If you read the instructions carefully, the first step to making any microwavable lunch is to throw away the box and dig it out of the trash
My friend has six kids and not once have they sang about going to bed. What in the VonTrapp is going on there?
I would give my toddler fire before I give them glitter
Anakin: …is it possible to learn this power?
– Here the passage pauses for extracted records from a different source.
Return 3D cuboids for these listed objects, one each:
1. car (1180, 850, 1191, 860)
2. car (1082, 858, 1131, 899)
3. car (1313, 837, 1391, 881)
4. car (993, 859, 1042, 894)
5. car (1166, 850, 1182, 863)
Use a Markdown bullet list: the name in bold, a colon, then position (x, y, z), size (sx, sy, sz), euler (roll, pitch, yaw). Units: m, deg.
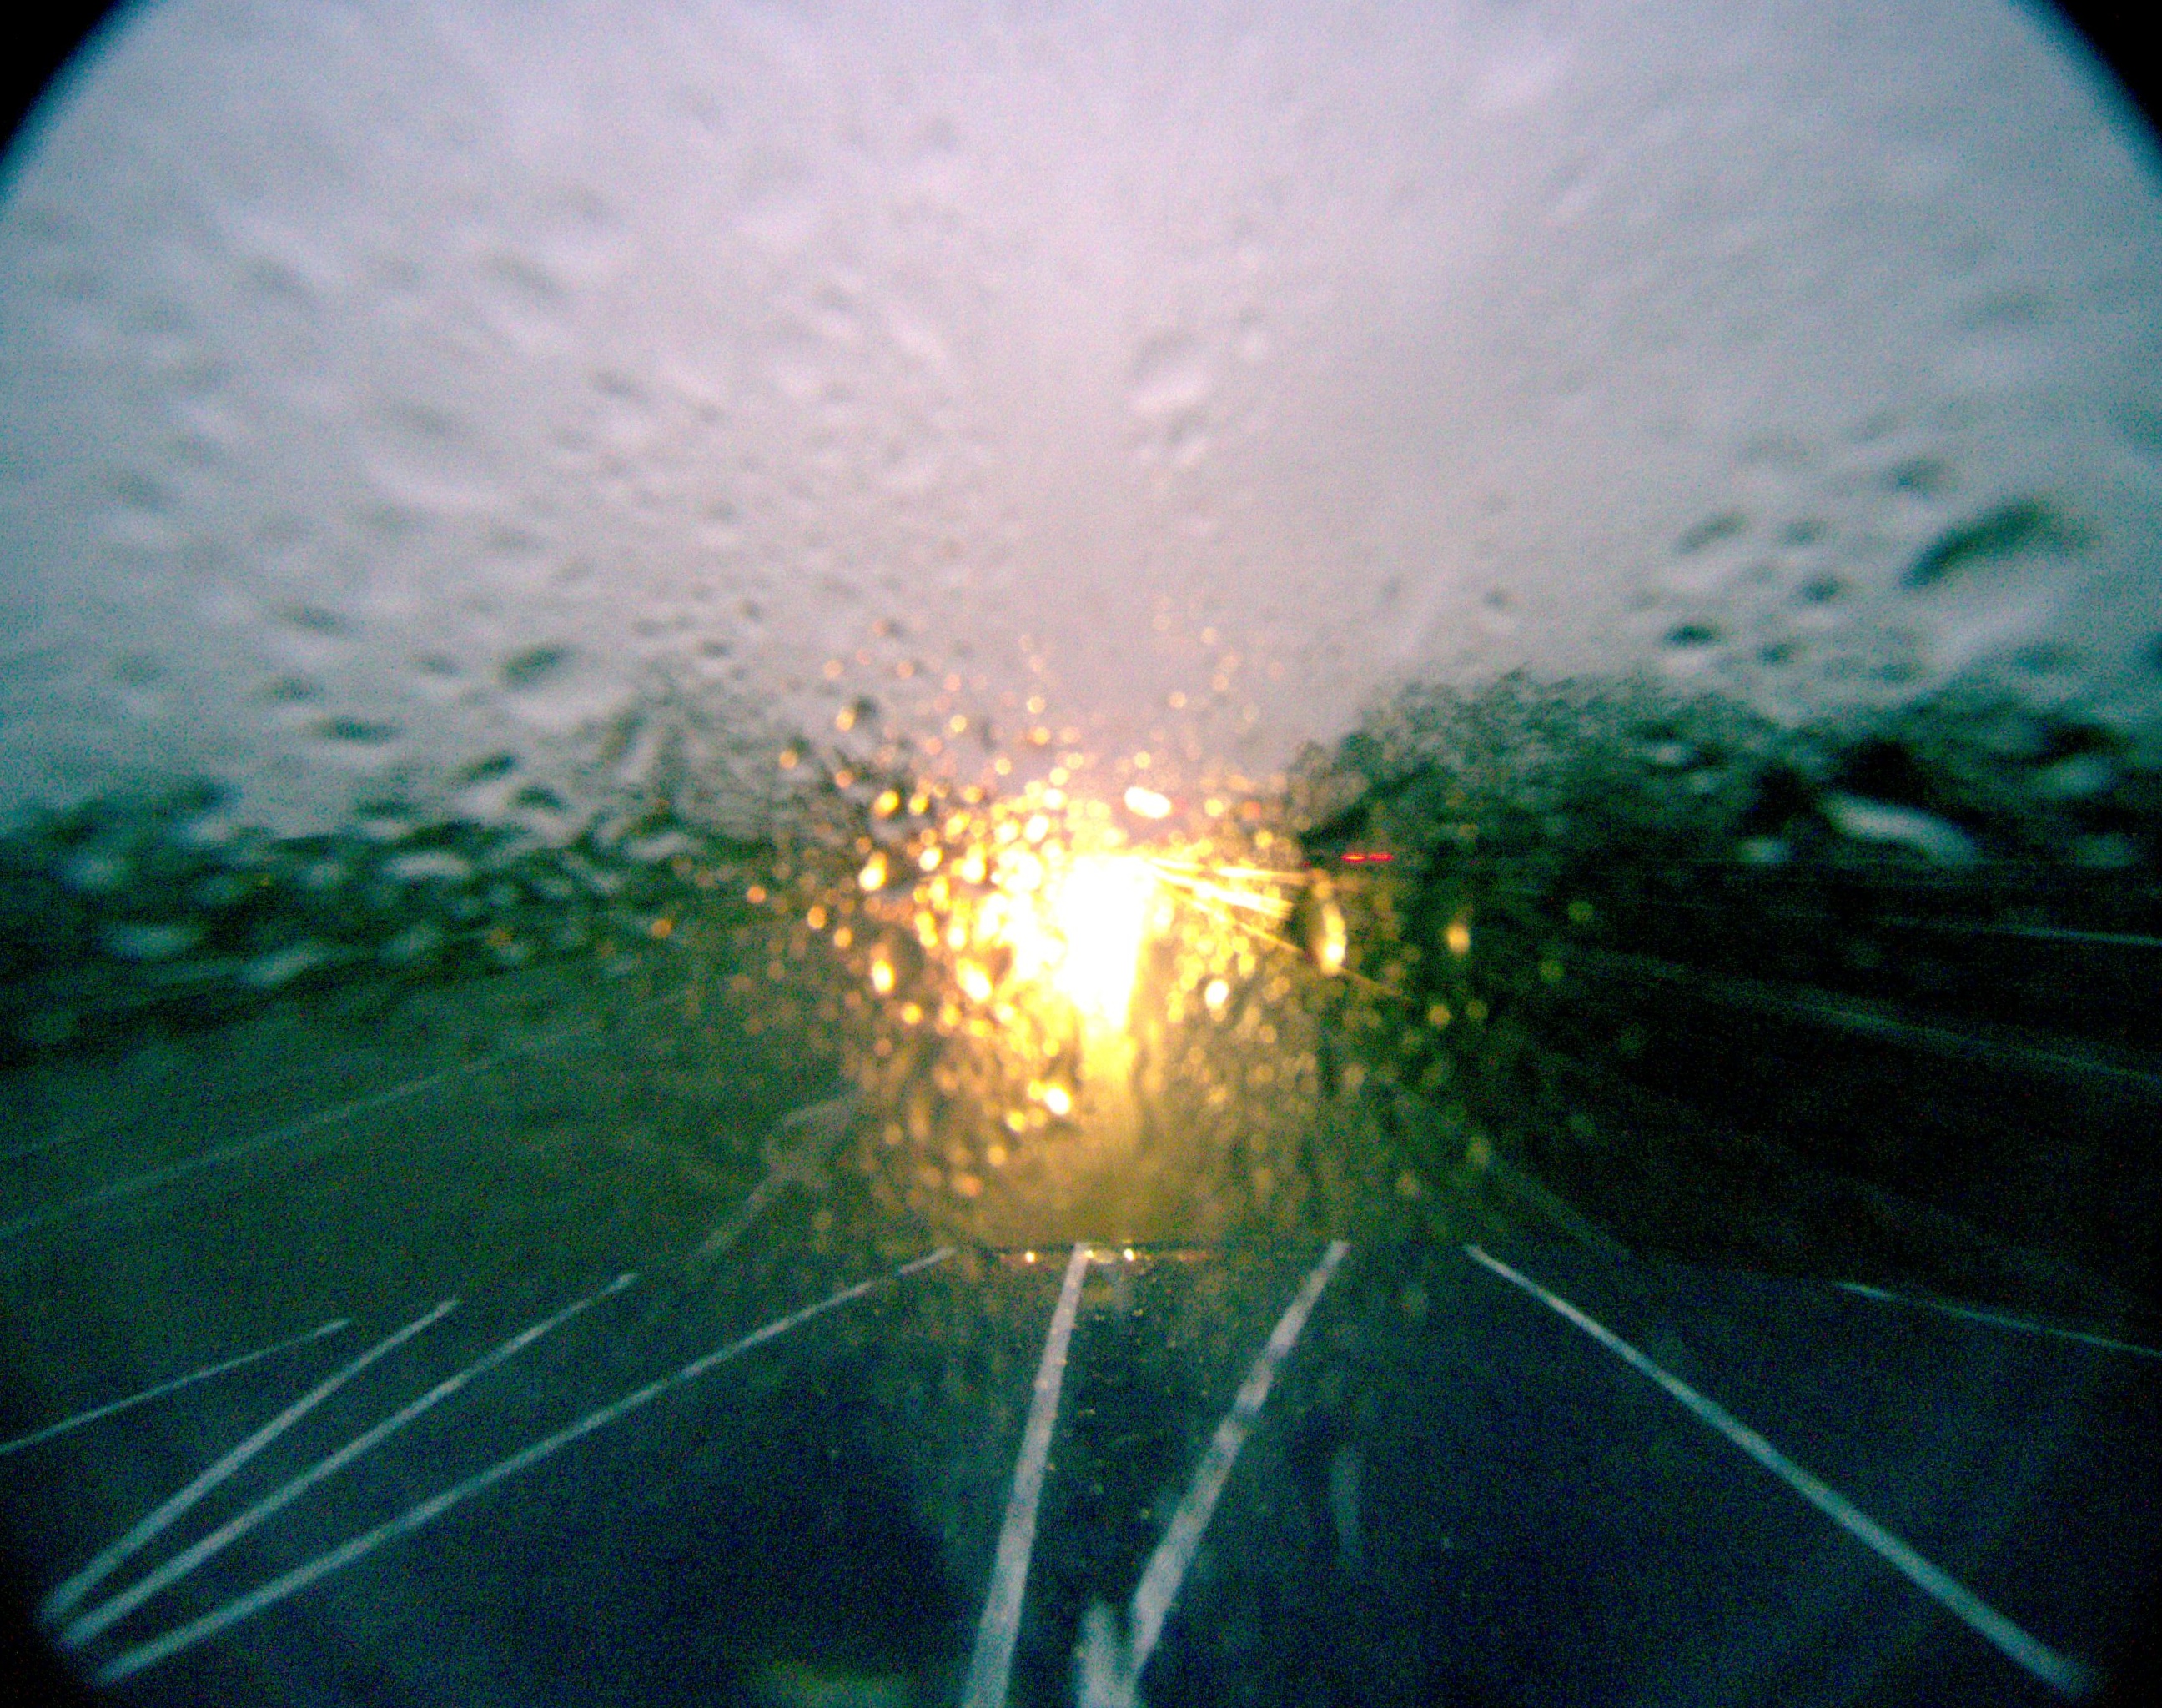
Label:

Palpatine: *grins* not from a Jedi. Which is why I use SkillShare. SkillShare is an online learning community where you can learn—and teach—just about anything. Get two months of Skillshare Premium for free with coupon code “SHEEV”
CUTE DUDE AT THE AUTO SHOP: & thats how u fix a flat tire
ME: tysm! My dad never showed me this stuff
DUDE: aw
M: *whispers* ur my dad now
Ancient wolves be like:
Eat a human and you eat for a day. Make puppy eyes, roll over and show your belly, and the human will feed you for lifetime.
Looking forward to Keanu Reeves making improvements to his home in the upcoming
Matrix: Renovations
[doctors]
“How long have I got?”
“Not long. Two, three months”
[casually places apple on desk]
“Ok, ok, six. Just get that out of here!”
HUSBAND: Do you want to
ME: *interrupts* Nope.
HUSBAND: I didn’t say anything yet.
ME: Sorry, go ahead.
HUSBAND: Would you like to go
ME: *interrupts* Nope.
Me: Alexa, who would you rather marry, Siri or Cortana?
A: I’m an AI, monogamous relationships are irrelevant
M: Oh you naughty minx!
one mistake some cult leaders make is predicting armageddon will happen on a specific day. embarrassing to explain afterwards. if i ever lead a group of devoted followers i’d keep shit like that pretty vague
“The entire sky is mine to explore!Nah, Ill just swoop dangerously through traffic instead.”- Birds
My Fitbit was delivered today. It’s still sitting in the mailbox because I don’t want to walk all the way out there.
A 5 day juice diet. They said I would “feel it” working in just 5 days. They were right, I’ve never felt more hungry in all my life.
Found my 7yo vacuuming his room before school, so I guess the aliens switched him in the night
Being a parent means throwing your kids under a bus for how messy your house is when company arrives
I never give money to those Salvation Army people because I know they’re just gonna spend it on more bells.
Bad credit? No credit? First time buyer? First time baby? No legs? 8 legs? You a spider? Are you a Spider trying to buy a house?